Given data —
........

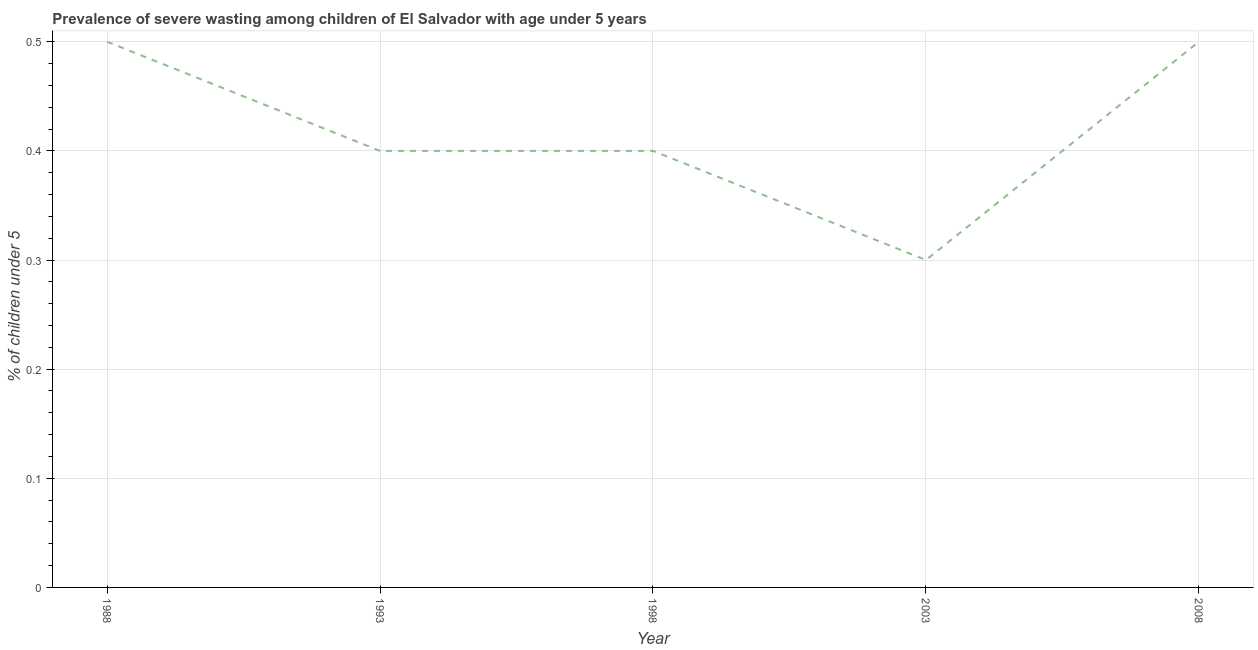What is the prevalence of severe wasting in 2003?
Keep it short and to the point. 0.3. Across all years, what is the minimum prevalence of severe wasting?
Offer a very short reply. 0.3. In which year was the prevalence of severe wasting maximum?
Make the answer very short. 1988. In which year was the prevalence of severe wasting minimum?
Offer a very short reply. 2003. What is the sum of the prevalence of severe wasting?
Your answer should be very brief. 2.1. What is the difference between the prevalence of severe wasting in 1993 and 1998?
Give a very brief answer. 0. What is the average prevalence of severe wasting per year?
Ensure brevity in your answer.  0.42. What is the median prevalence of severe wasting?
Your response must be concise. 0.4. In how many years, is the prevalence of severe wasting greater than 0.08 %?
Your answer should be very brief. 5. Do a majority of the years between 1993 and 2008 (inclusive) have prevalence of severe wasting greater than 0.08 %?
Keep it short and to the point. Yes. What is the ratio of the prevalence of severe wasting in 1988 to that in 1993?
Give a very brief answer. 1.25. Is the sum of the prevalence of severe wasting in 2003 and 2008 greater than the maximum prevalence of severe wasting across all years?
Your answer should be very brief. Yes. What is the difference between the highest and the lowest prevalence of severe wasting?
Your answer should be very brief. 0.2. How many lines are there?
Your answer should be compact. 1. How many years are there in the graph?
Provide a short and direct response. 5. What is the difference between two consecutive major ticks on the Y-axis?
Ensure brevity in your answer.  0.1. Does the graph contain any zero values?
Make the answer very short. No. Does the graph contain grids?
Your answer should be compact. Yes. What is the title of the graph?
Your answer should be compact. Prevalence of severe wasting among children of El Salvador with age under 5 years. What is the label or title of the X-axis?
Your answer should be compact. Year. What is the label or title of the Y-axis?
Ensure brevity in your answer.   % of children under 5. What is the  % of children under 5 in 1988?
Give a very brief answer. 0.5. What is the  % of children under 5 of 1993?
Your response must be concise. 0.4. What is the  % of children under 5 in 1998?
Offer a very short reply. 0.4. What is the  % of children under 5 of 2003?
Your answer should be very brief. 0.3. What is the difference between the  % of children under 5 in 1988 and 2003?
Your answer should be very brief. 0.2. What is the difference between the  % of children under 5 in 1988 and 2008?
Provide a succinct answer. 0. What is the difference between the  % of children under 5 in 1993 and 2003?
Offer a very short reply. 0.1. What is the difference between the  % of children under 5 in 1998 and 2008?
Your answer should be compact. -0.1. What is the difference between the  % of children under 5 in 2003 and 2008?
Your response must be concise. -0.2. What is the ratio of the  % of children under 5 in 1988 to that in 1993?
Provide a short and direct response. 1.25. What is the ratio of the  % of children under 5 in 1988 to that in 2003?
Your answer should be very brief. 1.67. What is the ratio of the  % of children under 5 in 1993 to that in 1998?
Your answer should be compact. 1. What is the ratio of the  % of children under 5 in 1993 to that in 2003?
Provide a succinct answer. 1.33. What is the ratio of the  % of children under 5 in 1998 to that in 2003?
Provide a short and direct response. 1.33. What is the ratio of the  % of children under 5 in 2003 to that in 2008?
Make the answer very short. 0.6.

........

What the task asks — Write out an exact transcription of the line with "Give a very brief answer. 0.5." and of each line after it; stop at the end of the records.

Answer to this task —
Give a very brief answer. 0.5. What is the  % of children under 5 of 1993?
Your response must be concise. 0.4. What is the  % of children under 5 in 1998?
Offer a very short reply. 0.4. What is the  % of children under 5 of 2003?
Your answer should be very brief. 0.3. What is the difference between the  % of children under 5 in 1988 and 2003?
Your answer should be very brief. 0.2. What is the difference between the  % of children under 5 in 1988 and 2008?
Provide a succinct answer. 0. What is the difference between the  % of children under 5 in 1993 and 2003?
Offer a very short reply. 0.1. What is the difference between the  % of children under 5 in 1998 and 2008?
Your answer should be compact. -0.1. What is the difference between the  % of children under 5 in 2003 and 2008?
Your response must be concise. -0.2. What is the ratio of the  % of children under 5 in 1988 to that in 1993?
Provide a short and direct response. 1.25. What is the ratio of the  % of children under 5 in 1988 to that in 2003?
Your answer should be very brief. 1.67. What is the ratio of the  % of children under 5 in 1993 to that in 1998?
Your answer should be compact. 1. What is the ratio of the  % of children under 5 in 1993 to that in 2003?
Provide a succinct answer. 1.33. What is the ratio of the  % of children under 5 in 1998 to that in 2003?
Provide a short and direct response. 1.33. What is the ratio of the  % of children under 5 in 2003 to that in 2008?
Make the answer very short. 0.6.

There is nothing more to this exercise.